The plant is known as punyo-sisa in Quechuan. Its leaves are placed in the pillows of old people and children so that they will sleep better (Schultes 1983, 261*). In the Amazon region, women soak the leaves in the juice pressed from the roots and smear the resulting juice between their breasts and on the soles of their feet. They claim that this gives them “increased sexual power” (Gottlieb 1974, 66*).
In the Philippines, Mimosa pudica is regarded as an aphrodisiac for frigid women. They pick and boil the leaves. The leaves fold together when picked and open up again when boiled. The opened leaf is a symbol for the vagina when it is open for sexual activity.

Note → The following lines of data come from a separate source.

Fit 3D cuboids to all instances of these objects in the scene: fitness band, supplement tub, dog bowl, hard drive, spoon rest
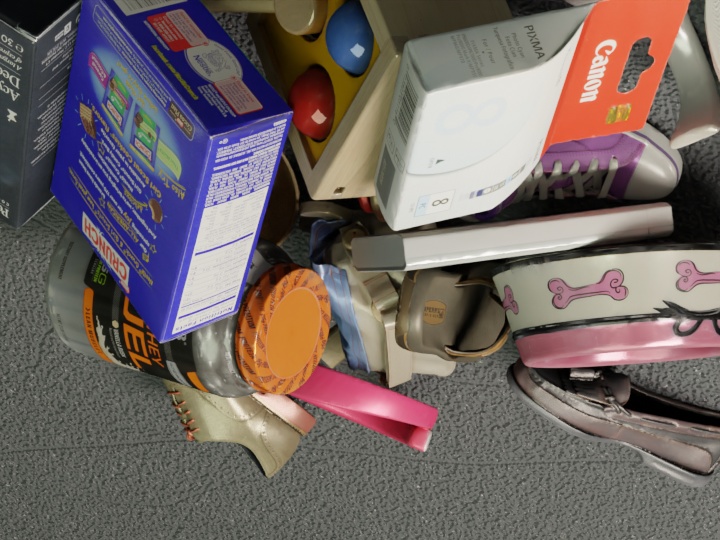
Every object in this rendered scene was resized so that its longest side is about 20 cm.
[{"bbox_3d":[-0.010,0.101,1.956,0.143,0.038,0.200,23,176,-4],"label":"fitness band"},{"bbox_3d":[-0.129,0.024,1.831,0.199,0.123,0.123,14,143,33],"label":"supplement tub"},{"bbox_3d":[0.196,0.028,1.766,0.198,0.074,0.200,-5,174,0],"label":"dog bowl"},{"bbox_3d":[0.106,-0.023,1.733,0.198,0.027,0.132,-7,-179,-16],"label":"hard drive"},{"bbox_3d":[0.185,-0.181,1.650,0.099,0.061,0.201,-20,113,34],"label":"spoon rest"}]

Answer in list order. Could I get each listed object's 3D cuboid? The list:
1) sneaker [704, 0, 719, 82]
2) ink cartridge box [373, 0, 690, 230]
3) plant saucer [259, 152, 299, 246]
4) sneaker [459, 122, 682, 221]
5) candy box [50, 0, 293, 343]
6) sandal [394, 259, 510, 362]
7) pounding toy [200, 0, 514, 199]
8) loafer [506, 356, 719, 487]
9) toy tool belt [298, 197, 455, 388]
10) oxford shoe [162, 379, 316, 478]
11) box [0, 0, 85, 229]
[{"bbox_3d":[0.267,-0.143,1.636,0.073,0.116,0.202,-5,99,4],"label":"sneaker"},{"bbox_3d":[0.115,-0.103,1.573,0.198,0.048,0.160,-11,151,-14],"label":"ink cartridge box"},{"bbox_3d":[-0.138,-0.084,1.872,0.199,0.036,0.201,11,138,10],"label":"plant saucer"},{"bbox_3d":[0.128,-0.066,1.741,0.199,0.115,0.073,14,138,2],"label":"sneaker"},{"bbox_3d":[-0.137,-0.082,1.692,0.169,0.077,0.201,51,141,30],"label":"candy box"},{"bbox_3d":[0.083,0.029,1.814,0.054,0.082,0.200,5,179,23],"label":"sandal"},{"bbox_3d":[-0.016,-0.166,1.638,0.141,0.201,0.184,-5,148,-29],"label":"pounding toy"},{"bbox_3d":[0.212,0.105,1.945,0.199,0.072,0.063,27,119,-19],"label":"loafer"},{"bbox_3d":[0.000,0.000,1.853,0.122,0.125,0.201,-7,133,14],"label":"toy tool belt"},{"bbox_3d":[-0.133,0.104,2.032,0.199,0.075,0.070,33,174,-15],"label":"oxford shoe"},{"bbox_3d":[-0.266,-0.159,1.752,0.148,0.107,0.201,31,141,15],"label":"box"}]
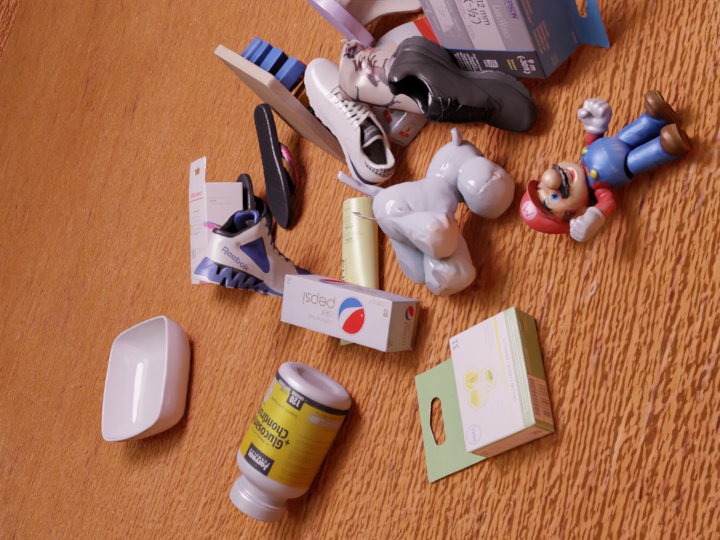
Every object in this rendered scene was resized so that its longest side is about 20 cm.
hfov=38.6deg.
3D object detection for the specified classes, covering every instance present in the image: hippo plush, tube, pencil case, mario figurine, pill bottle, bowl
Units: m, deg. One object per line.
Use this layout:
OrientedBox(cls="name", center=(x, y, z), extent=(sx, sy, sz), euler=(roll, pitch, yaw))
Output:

In India, the leaves are chewed and the resulting mush is spread onto fresh wounds to stop bleeding (Bhandary et al. 1995, 154*).

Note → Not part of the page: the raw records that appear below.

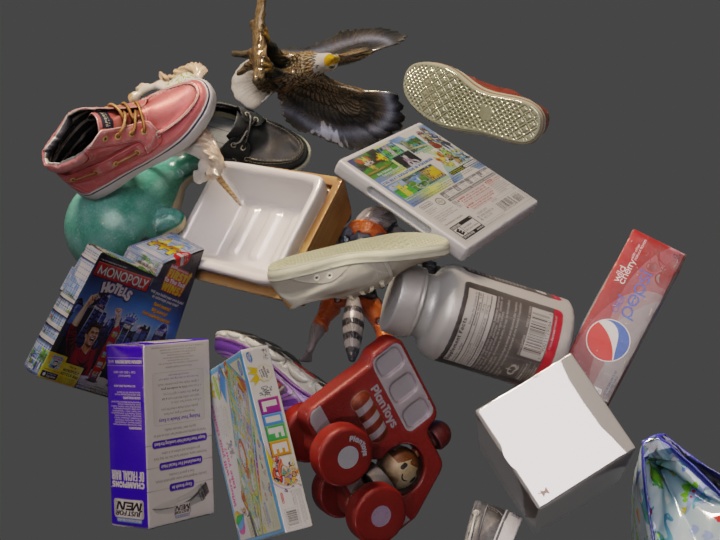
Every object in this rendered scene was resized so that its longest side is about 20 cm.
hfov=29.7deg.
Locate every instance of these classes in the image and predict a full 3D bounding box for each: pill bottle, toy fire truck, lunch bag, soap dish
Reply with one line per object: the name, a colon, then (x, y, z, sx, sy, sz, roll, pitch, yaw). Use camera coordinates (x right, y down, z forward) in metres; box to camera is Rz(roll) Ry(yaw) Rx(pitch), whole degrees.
pill bottle: (0.128, 0.057, 1.518, 0.199, 0.111, 0.111, 17, 73, -9)
toy fire truck: (0.019, 0.192, 1.493, 0.168, 0.112, 0.200, -36, 113, -17)
lunch bag: (0.343, 0.277, 1.420, 0.127, 0.170, 0.200, -24, 69, -2)
soap dish: (-0.114, -0.043, 1.586, 0.200, 0.081, 0.158, 12, 70, 43)

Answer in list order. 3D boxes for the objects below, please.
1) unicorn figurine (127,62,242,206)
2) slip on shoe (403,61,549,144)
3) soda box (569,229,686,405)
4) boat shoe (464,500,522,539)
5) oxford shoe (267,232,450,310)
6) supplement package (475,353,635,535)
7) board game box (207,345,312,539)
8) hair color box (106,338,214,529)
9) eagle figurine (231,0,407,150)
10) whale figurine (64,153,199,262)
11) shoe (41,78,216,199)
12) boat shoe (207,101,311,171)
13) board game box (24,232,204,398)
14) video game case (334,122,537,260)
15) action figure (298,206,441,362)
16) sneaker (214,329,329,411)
unicorn figurine: (-0.216, -0.166, 1.598, 0.137, 0.074, 0.201, -11, 68, 26)
slip on shoe: (0.141, -0.204, 1.663, 0.200, 0.061, 0.074, 22, 107, 24)
soda box: (0.295, 0.058, 1.554, 0.070, 0.063, 0.200, 28, 76, 13)
boat shoe: (0.110, 0.346, 1.474, 0.068, 0.072, 0.200, 21, 73, 10)
oxford shoe: (0.000, 0.000, 1.468, 0.199, 0.075, 0.058, -13, 103, -1)
supplement package: (0.205, 0.189, 1.448, 0.120, 0.200, 0.121, -31, 72, -4)
board game box: (-0.118, 0.196, 1.501, 0.034, 0.134, 0.201, -9, 79, -29)
hair color box: (-0.222, 0.178, 1.510, 0.065, 0.109, 0.201, -4, 89, 35)
eagle figurine: (-0.048, -0.243, 1.669, 0.151, 0.200, 0.152, 49, 121, 51)
whale figurine: (-0.272, -0.086, 1.633, 0.159, 0.104, 0.200, 20, 62, 42)
shoe: (-0.259, -0.159, 1.523, 0.200, 0.091, 0.072, -34, 64, 7)
boat shoe: (-0.159, -0.171, 1.677, 0.199, 0.066, 0.075, 21, 75, 12)
board game box: (-0.269, 0.040, 1.526, 0.062, 0.200, 0.200, 25, 87, 33)
video game case: (0.092, -0.096, 1.578, 0.182, 0.200, 0.022, 36, 123, 16)
action figure: (0.025, 0.017, 1.579, 0.199, 0.105, 0.194, 5, 81, 8)
sneaker: (-0.098, 0.138, 1.566, 0.200, 0.081, 0.084, 36, 91, 19)
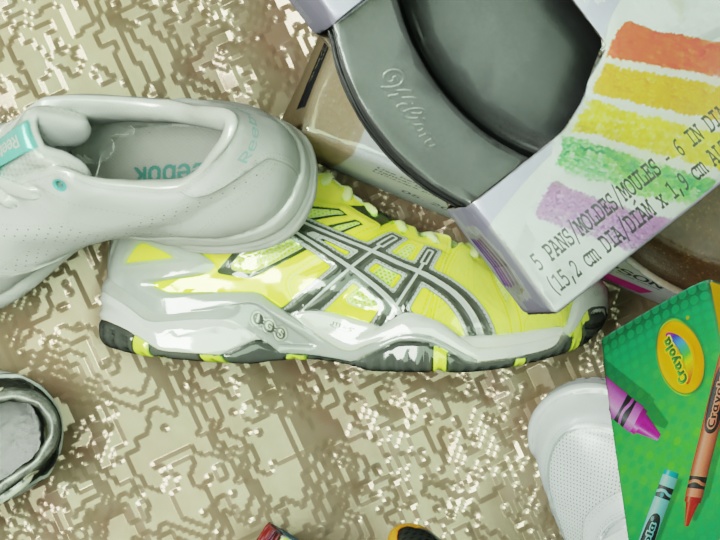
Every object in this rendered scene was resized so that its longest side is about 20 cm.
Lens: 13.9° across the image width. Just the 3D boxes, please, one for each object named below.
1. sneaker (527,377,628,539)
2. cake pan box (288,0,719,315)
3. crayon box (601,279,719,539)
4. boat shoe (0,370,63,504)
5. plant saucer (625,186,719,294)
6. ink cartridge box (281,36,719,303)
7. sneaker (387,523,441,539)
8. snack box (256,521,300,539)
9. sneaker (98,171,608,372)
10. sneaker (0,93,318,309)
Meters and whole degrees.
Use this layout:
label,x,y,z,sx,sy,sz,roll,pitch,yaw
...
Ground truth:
label,x,y,z,sx,sy,sz,roll,pitch,yaw
sneaker,0.116,0.132,1.127,0.075,0.115,0.200,-33,81,22
cake pan box,0.080,-0.109,1.065,0.200,0.052,0.184,-37,94,-9
crayon box,0.184,0.091,1.115,0.200,0.058,0.119,21,51,-37
boat shoe,-0.208,0.087,1.123,0.200,0.064,0.071,-24,92,-8
plant saucer,0.156,-0.081,1.120,0.200,0.034,0.201,0,89,-11
ink cartridge box,0.090,-0.089,1.164,0.200,0.075,0.165,22,85,-8
sneaker,-0.035,0.164,1.084,0.200,0.078,0.077,-26,64,-2
snack box,-0.014,0.227,1.148,0.168,0.068,0.200,31,87,-6
sneaker,0.000,0.000,1.150,0.200,0.075,0.077,3,89,-10
sneaker,-0.122,-0.035,1.100,0.200,0.088,0.075,-12,73,15
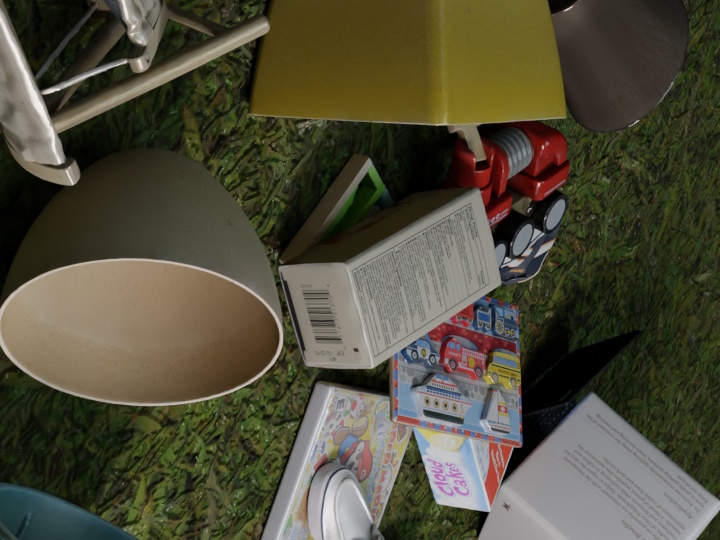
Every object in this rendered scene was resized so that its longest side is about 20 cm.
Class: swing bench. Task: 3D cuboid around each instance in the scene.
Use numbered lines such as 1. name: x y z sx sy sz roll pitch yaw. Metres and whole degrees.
1. swing bench: -0.189 -0.200 0.955 0.200 0.129 0.200 -42 138 -27

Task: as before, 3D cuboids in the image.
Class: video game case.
1. video game case: -0.021 0.216 1.501 0.182 0.023 0.201 17 92 -57

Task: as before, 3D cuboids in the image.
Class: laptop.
1. laptop: 0.253 0.179 1.798 0.177 0.103 0.201 -35 134 -40

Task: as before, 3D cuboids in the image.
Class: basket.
1. basket: 0.236 -0.262 1.523 0.200 0.136 0.181 31 79 -52

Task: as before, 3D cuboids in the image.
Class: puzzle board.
1. puzzle board: 0.100 0.089 1.477 0.199 0.017 0.152 17 65 -44

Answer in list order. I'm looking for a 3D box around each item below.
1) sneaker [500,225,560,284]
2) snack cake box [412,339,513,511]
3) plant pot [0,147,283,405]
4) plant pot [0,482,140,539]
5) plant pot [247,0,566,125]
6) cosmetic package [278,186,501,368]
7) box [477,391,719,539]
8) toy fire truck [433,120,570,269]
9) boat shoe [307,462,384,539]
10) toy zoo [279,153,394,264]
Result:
1. sneaker: 0.143 -0.018 1.561 0.200 0.078 0.080 -25 138 -38
2. snack cake box: 0.110 0.152 1.590 0.201 0.067 0.115 72 32 -43
3. plant pot: -0.156 -0.008 1.072 0.200 0.199 0.135 52 29 -52
4. plant pot: -0.239 0.293 1.094 0.197 0.200 0.200 -61 146 0
5. plant pot: 0.043 -0.215 1.228 0.200 0.199 0.177 -9 104 -52
6. cosmetic package: 0.030 0.004 1.348 0.200 0.087 0.104 -28 109 -44
7. box: 0.272 0.294 1.729 0.171 0.199 0.200 -42 162 -24
8. toy fire truck: 0.125 -0.123 1.465 0.176 0.128 0.201 -34 142 -42
9. boat shoe: 0.005 0.283 1.460 0.073 0.065 0.201 -33 116 -41
10. toy zoo: 0.000 0.000 1.419 0.131 0.020 0.200 -55 143 -21

The plant contains norepinephrine (Schultes and Raffauf 1990, 246*). The narcotic effects are thought to be due to the alkaloid mimosine (Wong 1976, 123*). The aerial parts of the plant contain two C-glycosylflavones: 2”-O-rhamnosylorientine and 2”-O-rhamnosylisoorientine (Englert et al. 1994). The root contains tannin (Wong 1976, 123*).
The delicate and modest sensitive mimosa (Mimosa pudica) folds its pinnate leaves together at the slightest touch.

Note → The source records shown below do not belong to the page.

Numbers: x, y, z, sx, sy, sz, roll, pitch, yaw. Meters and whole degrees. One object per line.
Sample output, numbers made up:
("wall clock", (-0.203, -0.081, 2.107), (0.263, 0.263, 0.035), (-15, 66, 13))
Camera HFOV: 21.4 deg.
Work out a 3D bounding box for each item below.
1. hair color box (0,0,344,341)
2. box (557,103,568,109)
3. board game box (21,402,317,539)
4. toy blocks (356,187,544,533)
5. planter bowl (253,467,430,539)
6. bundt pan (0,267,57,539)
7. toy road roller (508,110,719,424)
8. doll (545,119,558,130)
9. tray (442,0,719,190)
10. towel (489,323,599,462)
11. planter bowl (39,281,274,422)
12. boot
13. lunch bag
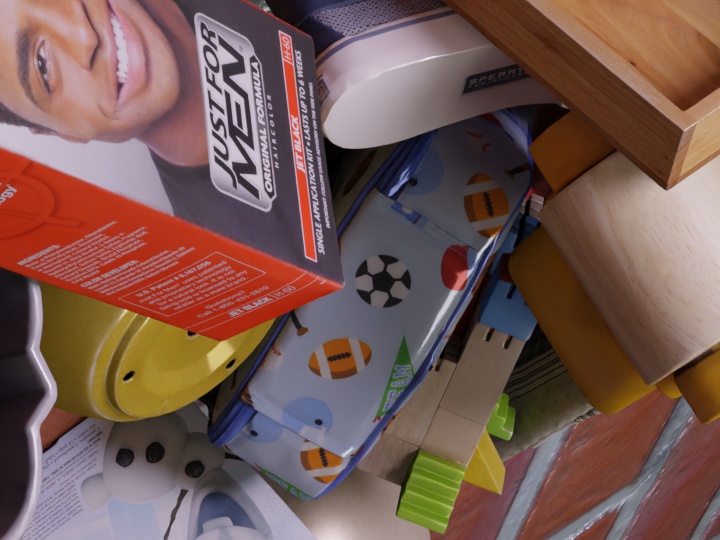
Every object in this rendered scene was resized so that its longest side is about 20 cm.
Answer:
("hair color box", (-0.092, -0.054, 0.598), (0.061, 0.102, 0.200), (-23, 153, 32))
("box", (0.152, -0.165, 0.895), (0.176, 0.097, 0.200), (-54, 155, 18))
("board game box", (-0.107, 0.176, 0.876), (0.200, 0.199, 0.043), (-36, 154, -19))
("toy blocks", (0.054, 0.016, 0.959), (0.200, 0.099, 0.137), (-73, -175, -62))
("planter bowl", (-0.036, 0.177, 1.073), (0.200, 0.135, 0.201), (-36, 153, -21))
("bundt pan", (-0.191, 0.028, 0.556), (0.076, 0.203, 0.201), (-17, 177, 39))
("toy road roller", (0.121, 0.001, 0.783), (0.146, 0.123, 0.200), (-37, 171, 30))
("doll", (0.123, -0.022, 0.982), (0.200, 0.048, 0.137), (-84, -161, -55))
("tray", (0.078, -0.122, 0.712), (0.098, 0.200, 0.037), (-33, 151, -26))
("towel", (0.151, -0.002, 1.019), (0.200, 0.034, 0.193), (-33, -149, 48))
("planter bowl", (-0.088, 0.000, 0.778), (0.200, 0.083, 0.201), (-36, 154, -20))
("boot", (0.059, -0.116, 0.765), (0.199, 0.091, 0.073), (-12, 151, -22))
("lunch bag", (0.000, 0.000, 0.876), (0.200, 0.075, 0.160), (-54, -168, 20))

The seeds of Mimosa scabrella, a DMT-containing species.
Mimosa scabrella Benth.—bracaatinga
The bark of this small tree contains N,N-DMT, MMT, N-formyl-MMT, and 2-methyl-1,2,3,4-tetrahydro-β-carboline—i.e., both psychedelic tryptamines and MAO-inhibiting β-carbolines. The bark presumably is suitable for making ayahuasca analogs. No traditional psychoactive use is known.
Mimosa verrucosa Benth.
This species is rumored to be psychoactive or hallucinogenic (Schultes and Farnsworth 1982, 188*). However, there are no chemical analyses of or detailed reports about any possible use of the plant.
There appears to be a number of mimosas that may be of chemical interest and may possibly be suitable as sources of N,N-DMT for other ayahuasca analogs. There also appears to be a variety of species that are smoked as marijuana substitutes (cf. Cannabis indica) in Central America.
See also the entries for Mimosa tenuiflora, ayahuasca analogs, β-carbolines, and N,N-DMT.
Englert, Jürgen, Yulin Jiang, Pierre Cabalion, Ali Oulad-Ali, and Robert Anton. 1994. C-glycosylflavones from aerial parts of Mimosa pudica. Planta Medica 60:194.